EXERCISE BRIEF: Quote the data exactly, first line to the line containing "list De ouder verstrekt", with no pictures.

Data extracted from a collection

__________________________________________________

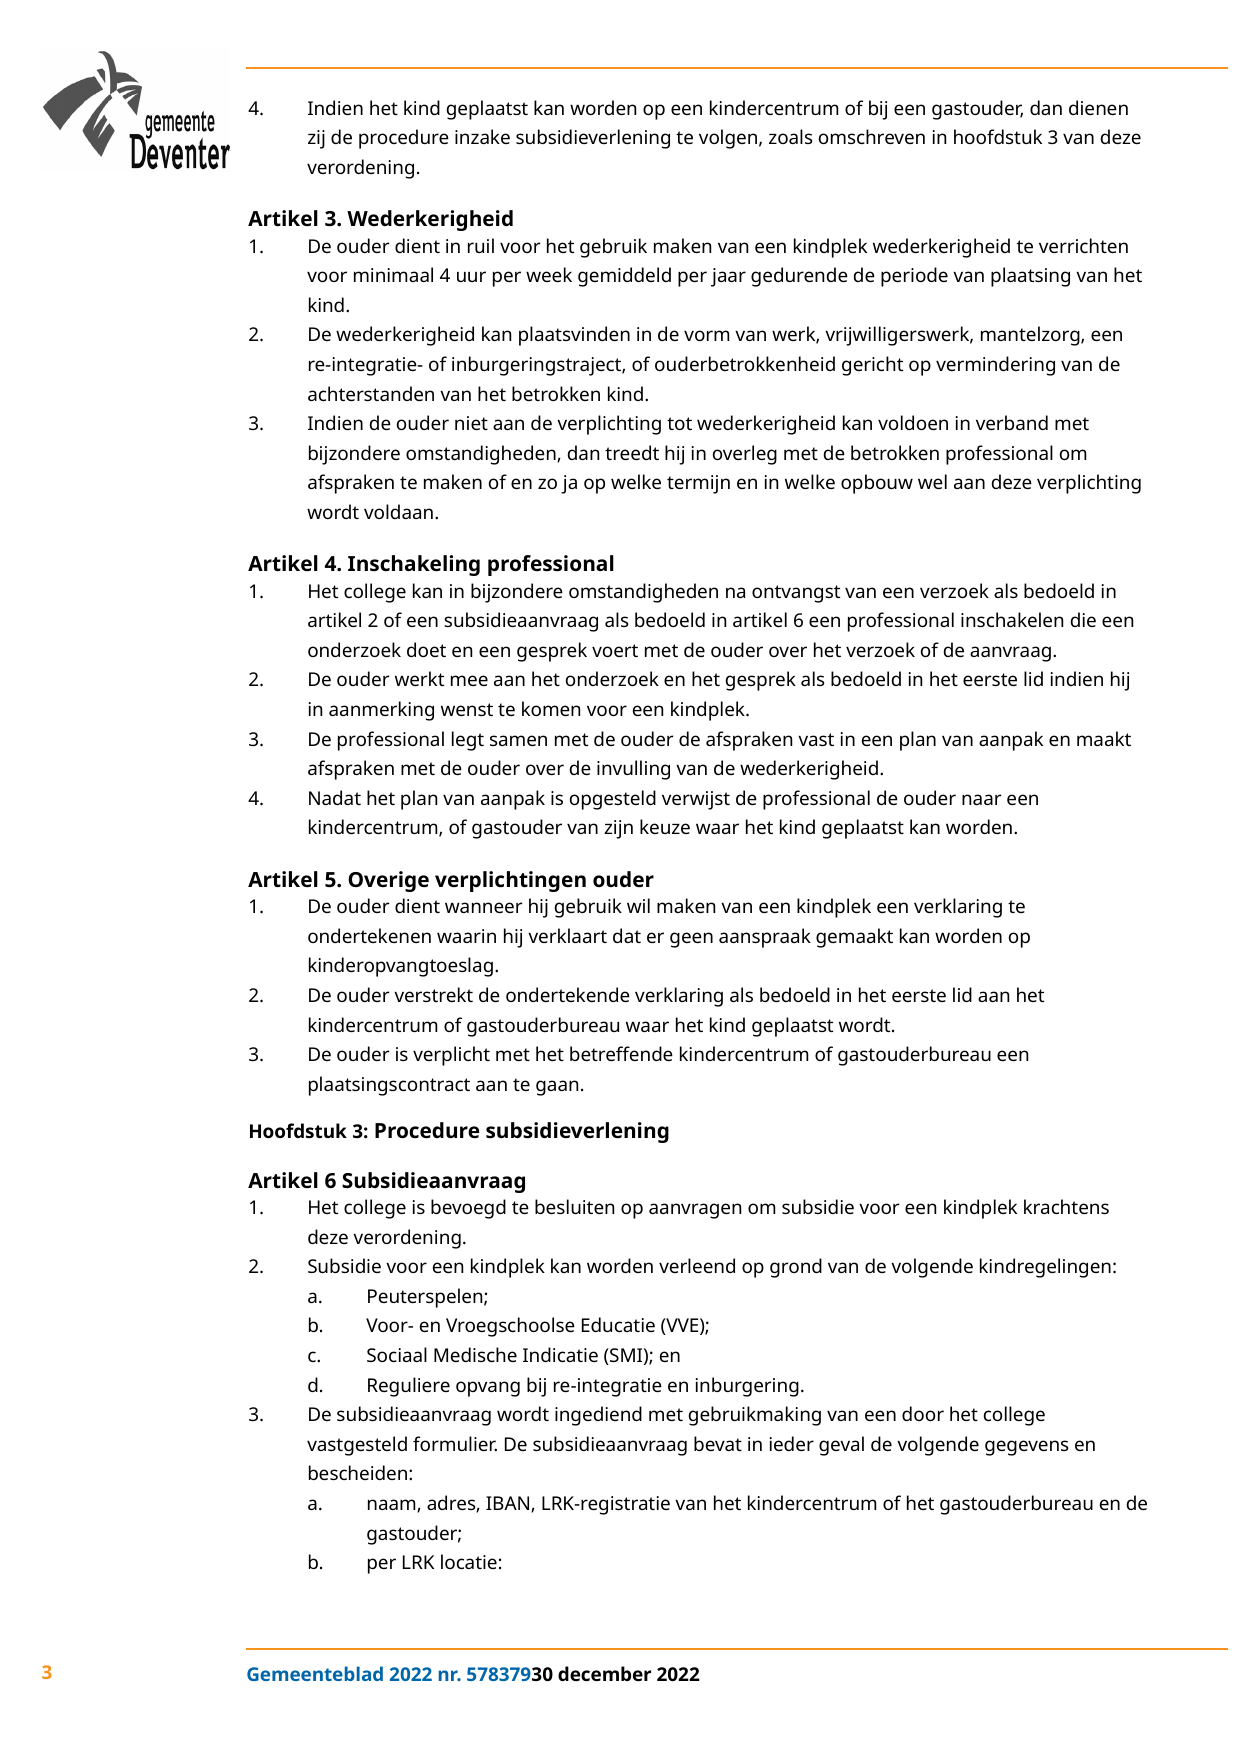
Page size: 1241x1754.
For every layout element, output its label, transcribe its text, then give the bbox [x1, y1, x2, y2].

list De ouder verstrekt de ondertekende verklaring als bedoeld in het eerste lid aan het kindercentrum of gastouderbureau waar het kind geplaatst wordt. [248, 982, 1152, 1037]
list De professional legt samen met de ouder de afspraken vast in een plan van aanpak en maakt afspraken met de ouder over de invulling van de wederkerigheid. [248, 726, 1152, 781]
list Peuterspelen; [307, 1283, 1152, 1309]
list Het college kan in bijzondere omstandigheden na ontvangst van een verzoek als bedoeld in artikel 2 of een subsidieaanvraag als bedoeld in artikel 6 een professional inschakelen die een onderzoek doet en een gesprek voert met de ouder over het verzoek of de aanvraag. [248, 578, 1152, 663]
list Sociaal Medische Indicatie (SMI); en [307, 1342, 1152, 1368]
list De ouder werkt mee aan het onderzoek en het gesprek als bedoeld in het eerste lid indien hij in aanmerking wenst te komen voor een kindplek. [248, 667, 1152, 722]
list Het college is bevoegd te besluiten op aanvragen om subsidie voor een kindplek krachtens deze verordening. [248, 1194, 1152, 1249]
list Voor- en Vroegschoolse Educatie (VVE); [307, 1313, 1152, 1338]
list Indien het kind geplaatst kan worden op een kindercentrum of bij een gastouder, dan dienen zij de procedure inzake subsidieverlening te volgen, zoals omschreven in hoofdstuk 3 van deze verordening. [248, 95, 1152, 180]
text Artikel 5. Overige verplichtingen ouder [248, 865, 1152, 893]
list De wederkerigheid kan plaatsvinden in de vorm van werk, vrijwilligerswerk, mantelzorg, een re-integratie- of inburgeringstraject, of ouderbetrokkenheid gericht op vermindering van de achterstanden van het betrokken kind. [248, 322, 1152, 406]
list Subsidie voor een kindplek kan worden verleend op grond van de volgende kindregelingen: [248, 1253, 1152, 1279]
list Indien de ouder niet aan de verplichting tot wederkerigheid kan voldoen in verband met bijzondere omstandigheden, dan treedt hij in overleg met de betrokken professional om afspraken te maken of en zo ja op welke termijn en in welke opbouw wel aan deze verplichting wordt voldaan. [248, 410, 1152, 525]
list Reguliere opvang bij re-integratie en inburgering. [307, 1372, 1152, 1397]
picture [41, 47, 231, 172]
text Artikel 6 Subsidieaanvraag [248, 1166, 1152, 1194]
list naam, adres, IBAN, LRK-registratie van het kindercentrum of het gastouderbureau en de gastouder; [307, 1490, 1152, 1545]
text Artikel 3. Wederkerigheid [248, 204, 1152, 233]
list Nadat het plan van aanpak is opgesteld verwijst de professional de ouder naar een kindercentrum, of gastouder van zijn keuze waar het kind geplaatst kan worden. [248, 785, 1152, 840]
text Artikel 4. Inschakeling professional [248, 549, 1152, 578]
text Hoofdstuk 3: Procedure subsidieverlening [248, 1117, 1152, 1145]
list De ouder dient wanneer hij gebruik wil maken van een kindplek een verklaring te ondertekenen waarin hij verklaart dat er geen aanspraak gemaakt kan worden op kinderopvangtoeslag. [248, 893, 1152, 978]
list De ouder dient in ruil voor het gebruik maken van een kindplek wederkerigheid te verrichten voor minimaal 4 uur per week gemiddeld per jaar gedurende de periode van plaatsing van het kind. [248, 233, 1152, 318]
list per LRK locatie: [307, 1549, 1152, 1575]
list De ouder is verplicht met het betreffende kindercentrum of gastouderbureau een plaatsingscontract aan te gaan. [248, 1041, 1152, 1097]
list De subsidieaanvraag wordt ingediend met gebruikmaking van een door het college vastgesteld formulier. De subsidieaanvraag bevat in ieder geval de volgende gegevens en bescheiden: [248, 1401, 1152, 1486]
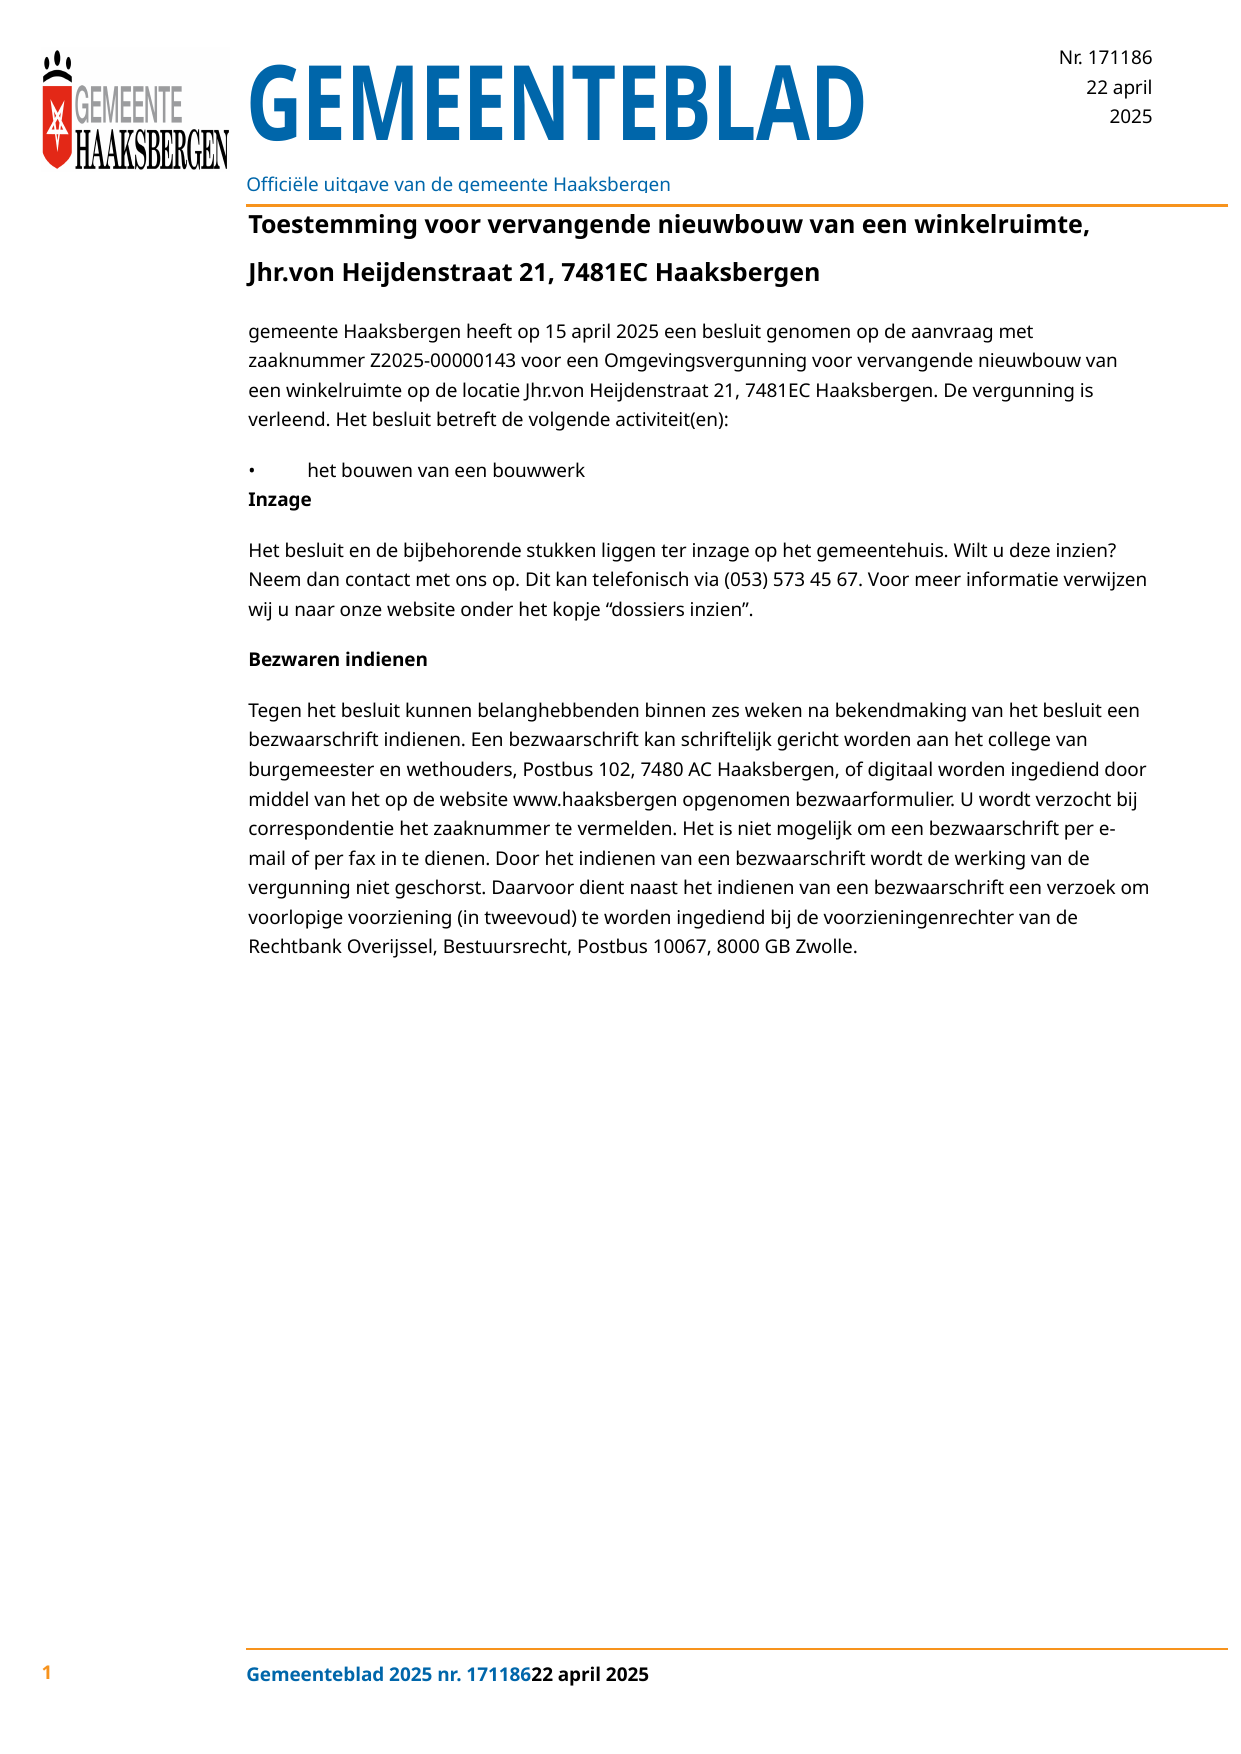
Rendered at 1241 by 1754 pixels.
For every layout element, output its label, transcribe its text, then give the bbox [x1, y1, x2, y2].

text Tegen het besluit kunnen belanghebbenden binnen zes weken na bekendmaking van het besluit een bezwaarschrift indienen. Een bezwaarschrift kan schriftelijk gericht worden aan het college van burgemeester en wethouders, Postbus 102, 7480 AC Haaksbergen, of digitaal worden ingediend door middel van het op de website www.haaksbergen opgenomen bezwaarformulier. U wordt verzocht bij correspondentie het zaaknummer te vermelden. Het is niet mogelijk om een bezwaarschrift per e-mail of per fax in te dienen. Door het indienen van een bezwaarschrift wordt de werking van de vergunning niet geschorst. Daarvoor dient naast het indienen van een bezwaarschrift een verzoek om voorlopige voorziening (in tweevoud) te worden ingediend bij de voorzieningenrechter van de Rechtbank Overijssel, Bestuursrecht, Postbus 10067, 8000 GB Zwolle. [248, 697, 1152, 959]
picture [41, 47, 231, 172]
text Toestemming voor vervangende nieuwbouw van een winkelruimte, Jhr.von Heijdenstraat 21, 7481EC Haaksbergen [248, 207, 1152, 288]
text Bezwaren indienen [248, 647, 1152, 672]
text Het besluit en de bijbehorende stukken liggen ter inzage op het gemeentehuis. Wilt u deze inzien? Neem dan contact met ons op. Dit kan telefonisch via (053) 573 45 67. Voor meer informatie verwijzen wij u naar onze website onder het kopje “dossiers inzien”. [248, 537, 1152, 622]
text gemeente Haaksbergen heeft op 15 april 2025 een besluit genomen op de aanvraag met zaaknummer Z2025-00000143 voor een Omgevingsvergunning voor vervangende nieuwbouw van een winkelruimte op de locatie Jhr.von Heijdenstraat 21, 7481EC Haaksbergen. De vergunning is verleend. Het besluit betreft de volgende activiteit(en): [248, 318, 1152, 432]
text Inzage [248, 487, 1152, 512]
list het bouwen van een bouwwerk [248, 457, 1152, 483]
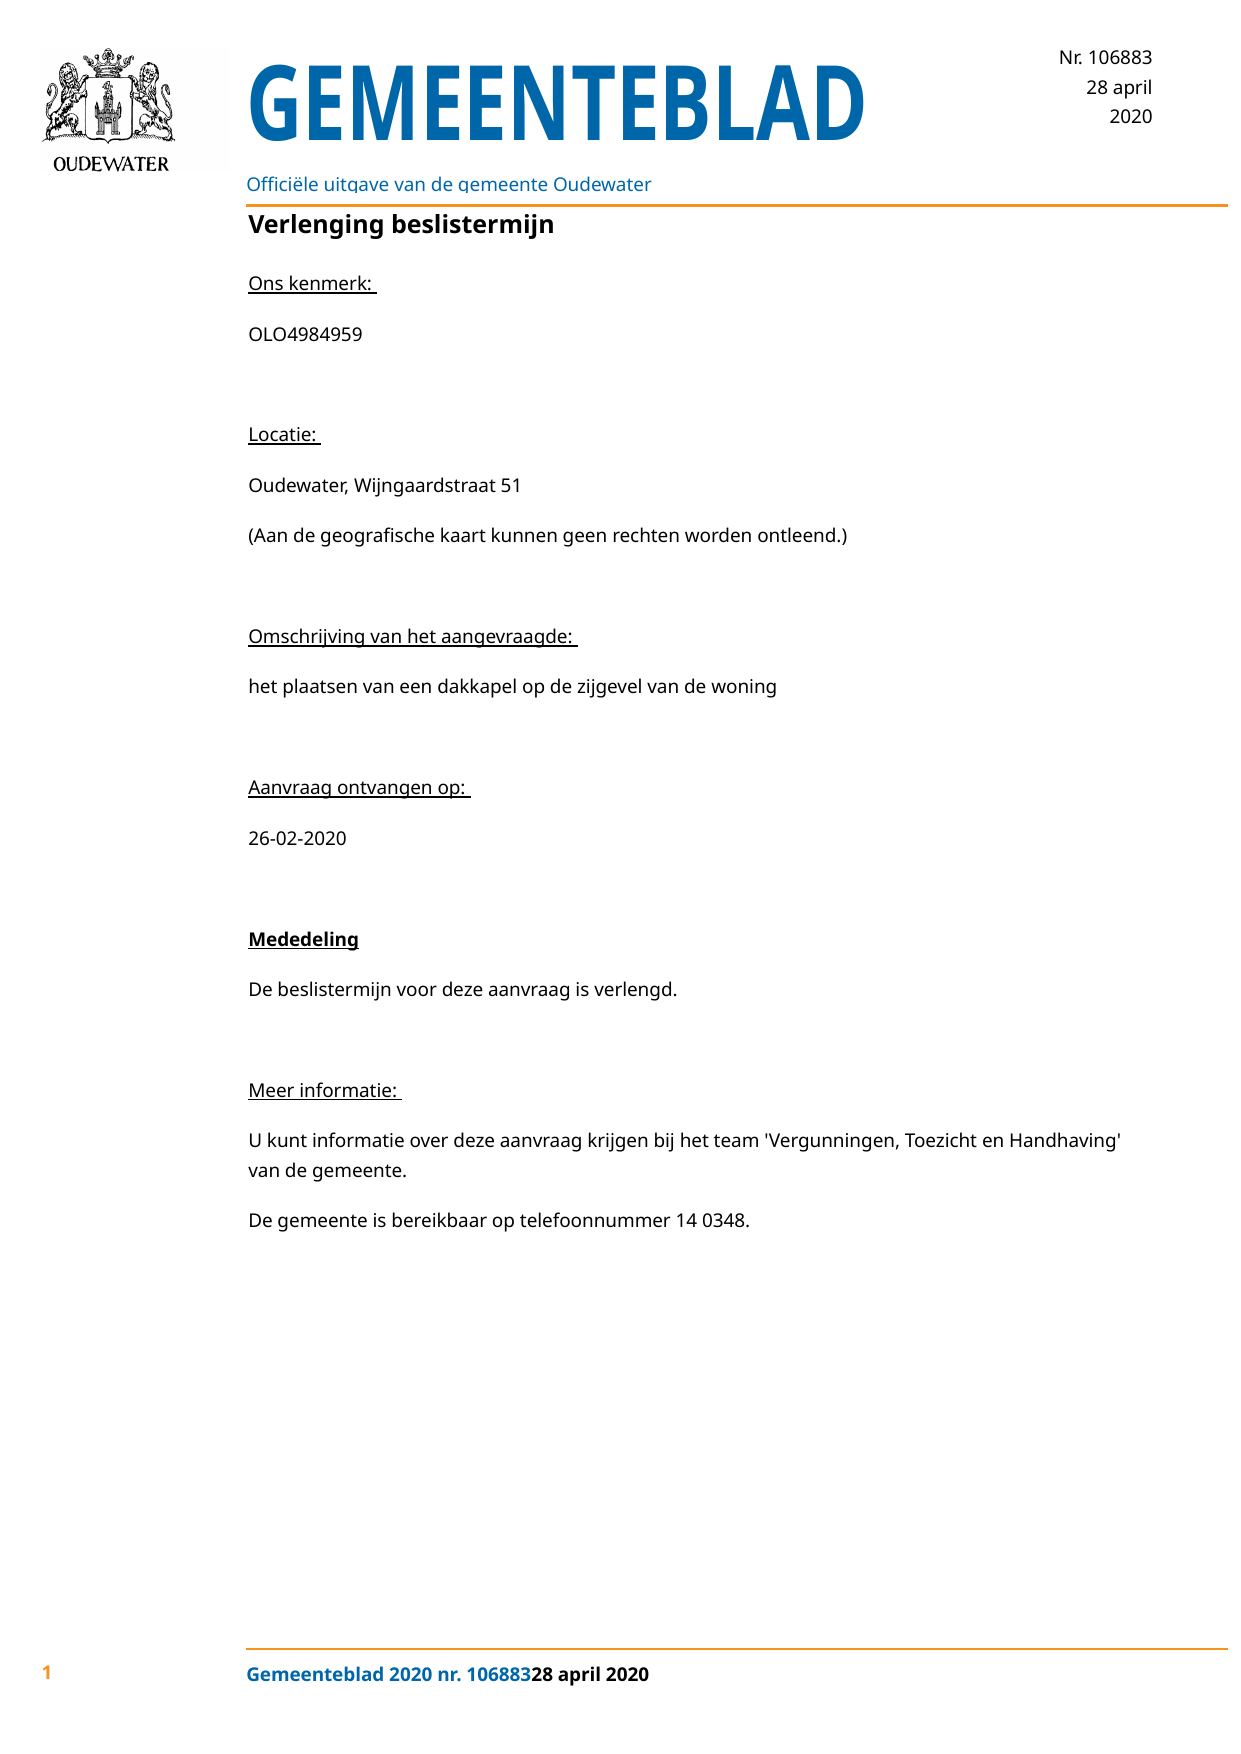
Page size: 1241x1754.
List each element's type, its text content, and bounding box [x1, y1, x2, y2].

text (Aan de geografische kaart kunnen geen rechten worden ontleend.) [248, 522, 1152, 548]
text De beslistermijn voor deze aanvraag is verlengd. [248, 976, 1152, 1002]
text Ons kenmerk: [248, 270, 1152, 296]
picture [41, 47, 231, 172]
text U kunt informatie over deze aanvraag krijgen bij het team 'Vergunningen, Toezicht en Handhaving' van de gemeente. [248, 1127, 1152, 1183]
text Mededeling [248, 926, 1152, 951]
text het plaatsen van een dakkapel op de zijgevel van de woning [248, 674, 1152, 699]
text Omschrijving van het aangevraagde: [248, 623, 1152, 649]
text Meer informatie: [248, 1077, 1152, 1103]
text 26-02-2020 [248, 825, 1152, 851]
text De gemeente is bereikbaar op telefoonnummer 14 0348. [248, 1207, 1152, 1233]
text Oudewater, Wijngaardstraat 51 [248, 472, 1152, 498]
text Aanvraag ontvangen op: [248, 774, 1152, 800]
text Verlenging beslistermijn [248, 207, 1152, 241]
text OLO4984959 [248, 321, 1152, 346]
text Locatie: [248, 422, 1152, 447]

__________________________________________________

WRITTEN ANSWER:
Page size: 1241x1754.
For every layout element, output its label, transcribe its text, then give the bbox [x1, y1, x2, y2].

list De ouder verstrekt de ondertekende verklaring als bedoeld in het eerste lid aan het kindercentrum of gastouderbureau waar het kind geplaatst wordt. [248, 982, 1152, 1037]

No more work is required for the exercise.